New CDC data show the need to scale up efforts nationally to reduce growing public health issue

A collective statement prepared by the National Action Alliance for Suicide Prevention (Action Alliance) and its public and private partners. For media inquiries, contact Kim Torguson ([email protected] or 202-572-3737). WASHINGTON, D.C. — Just-released data from the Centers for Disease Control and Prevention’s (CDC) National Center for Health Statistics show life expectancy for Americans has dropped, and suicide – as the 10th leading cause of death – is a key factor leading to that decrease. Other important findings from the CDC report show:

In 2017, there were 47,173 deaths from suicide. From 1999 through 2017, the age-adjusted suicide rate increased 33%, from 10.5 to 14.0 per 100,000. Suicide rates were significantly higher in 2017 compared with 1999 among females in all age groups ranging from 10-74 years: for those aged 10–14 (1.7 in 2017 and 0.5 in 1999, respectively), 15–24 (5.8 and 3.0), 25–44 (7.8 and 5.5), 45–64 (9.7 and 6.0), and 65–74 (6.2 and 4.1). Suicide rates were significantly higher in 2017 compared with 1999 among males in all age groups ranging from 10-74 year: for those aged 10–14 (3.3 in 2017 and 1.9 in 1999, respectively), 15–24 (22.7 and 16.8), 25–44 (27.5 and 21.6), 45–64 (30.1 and 20.8) and 65–74 (26.2 and 24.7). In 2017, the age-adjusted suicide rate for the most rural (noncore) counties was 1.8 times the rate for the most urban (large central metro) counties (20.0 and 11.1 per 100,000, respectively).
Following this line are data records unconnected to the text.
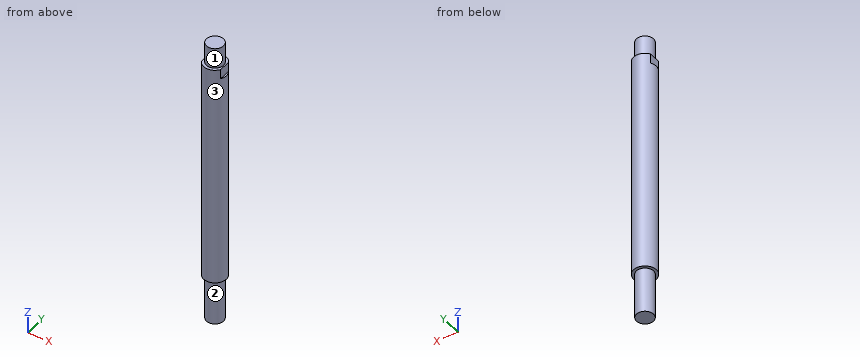
from build123d import *

# Parameters (mm, degrees)
SKETCH1_R           = 20
BOSS_EXTRUDE1_DEPTH = 255
SKETCH2_R           = 20
SKETCH2_R_2         = 15
CUT_EXTRUDE1_DEPTH  = 36
SKETCH3_W           = 9.924415088
SKETCH3_H           = 50.469281605
SKETCH3_W_2         = 14.039416466
SKETCH3_H_2         = 45.628103513
CUT_EXTRUDE2_DEPTH  = 17
CUT_EXTRUDE4_START  = -80
SKETCH4_R           = 20
SKETCH4_R_2         = 15
CUT_EXTRUDE4_DEPTH  = 80


with BuildPart() as part:
    # Sketch1 → Boss-Extrude1 (new, symmetric)
    with BuildSketch(Plane.XY):
        Circle(SKETCH1_R)
    extrude(amount=BOSS_EXTRUDE1_DEPTH, both=True)

    # Sketch2 → Cut-Extrude1 (cut)
    with BuildSketch(Plane.XY.offset(255)):
        Circle(SKETCH2_R)
        Circle(SKETCH2_R_2, mode=Mode.SUBTRACT)
    extrude(amount=-CUT_EXTRUDE1_DEPTH, mode=Mode.SUBTRACT)

    # Sketch3 → Cut-Extrude2 (cut)
    with BuildSketch(Plane.XY.offset(219)):
        with Locations((-21.962207544, 3.05599367)):
            Rectangle(SKETCH3_W, SKETCH3_H)
        with Locations((24.019708233, 0.635404624)):
            Rectangle(SKETCH3_W_2, SKETCH3_H_2)
    extrude(amount=-CUT_EXTRUDE2_DEPTH, mode=Mode.SUBTRACT)

    # Sketch4 → Cut-Extrude4 (cut)
    with BuildSketch(Plane(origin=(0, 0, -255), x_dir=(-1, 0, 0), z_dir=(0, 0, -1)).offset(CUT_EXTRUDE4_START)):
        Circle(SKETCH4_R)
        with Locations(Location((0, 0, 0), (0, 0, 180))):
            Circle(SKETCH4_R_2, mode=Mode.SUBTRACT)
    extrude(amount=CUT_EXTRUDE4_DEPTH, mode=Mode.SUBTRACT)


solid = part.part
Work out the finished part from the listing and answer in its coordinate system (mm). Face numbers are marked on the shaded views. A direction names the side the tool comes from. Round coordinates to 2 decimals unless told otherwise and drop trailing zeros. Order: outer loops, then holes, each group sorted by start corner. A loop starts at its lowest first (then second) coordinate and runs counter-clockwise, first axis right, second up. Notation, with made-up numbers: M 54,56 L 91,56 A26 ccw 91,74 Z; hole C 7.25,39.25 d11. An arc over 180 degrees is marked long. Put each result on its own line as item: value. Start each with the question number.
Q1. A tool of negligible diameter and unlimited length cuts with its end or side. For the marked faces 1, 2 and 3, from which of +Z, -Z, +X, -X, +Y, -Y can it reach the whole face along a straight path? Write none if from no direction.
Q2. Section C-C, the plane z = -79 is taken. Write down the section's boundary in (x, y), and give its area (3 significant figures).
Q3. Straight lines are drawn through the part: L1, parallel to Y at x = -1.5, z = 101; L2, parallel to Y at x = 1, z = 162.5; L3, parallel to Z at x = 12.5, y = 11. For each, find the intervals that lie inside material, in ascending order. Write a range as [from, to].
Q4. Section A-A, the plane x = 0 is taken. Write down the section's boundary in (y, z).
Q5. Section B-B, the plane y = 0 is taken. Write down the section's boundary in (x, z).
Q6. Flat-ended cylindrical pins translate along their axes: pin 1 (3.5 mm diameter, centred on x = -18, y = -1.5, fed in from +Z); pin 2 (2 mm diameter, centred on y = 14.5, z = 138.5, fed in from -X); pin 3 (5 mm diameter, centred on y = 3, z = 212, fed in from -X). Find the tip coordinate at first contact, or state that the pin passes through.
Findings below:
1. face 1: +Z
1. face 2: -Z
1. face 3: +Z, -Z
2. outline: C 0,0 d40
2. area: 1,260 mm^2
3. L1: y = [-19.94, 19.94]
3. L2: y = [-19.97, 19.97]
3. L3: z = [-175, 219]
4. outline: M -20,-175 L -15,-175 L -15,-255 L 15,-255 L 15,-175 L 20,-175 L 20,219 L 15,219 L 15,255 L -15,255 L -15,219 L -20,219 Z
5. outline: M -20,-175 L -15,-175 L -15,-255 L 15,-255 L 15,-175 L 20,-175 L 20,202 L 17,202 L 17,219 L 15,219 L 15,255 L -15,255 L -15,219 L -17,219 L -17,202 L -20,202 Z
6. pin 1: stops at z = 219
6. pin 2: stops at x = -14.76
6. pin 3: stops at x = -17

Globally, the suicide rate has decreased by more than 30 percent in the past 20 years. In contrast, the suicide rate in the U.S. is on the rise, increasing by approximately that much (33%) since 1999. This increase has occurred against the backdrop of a steady increase in knowledge regarding suicide and unprecedented levels of suicide prevention activity in the U.S. Despite the trends featured in today’s CDC report, there is hope.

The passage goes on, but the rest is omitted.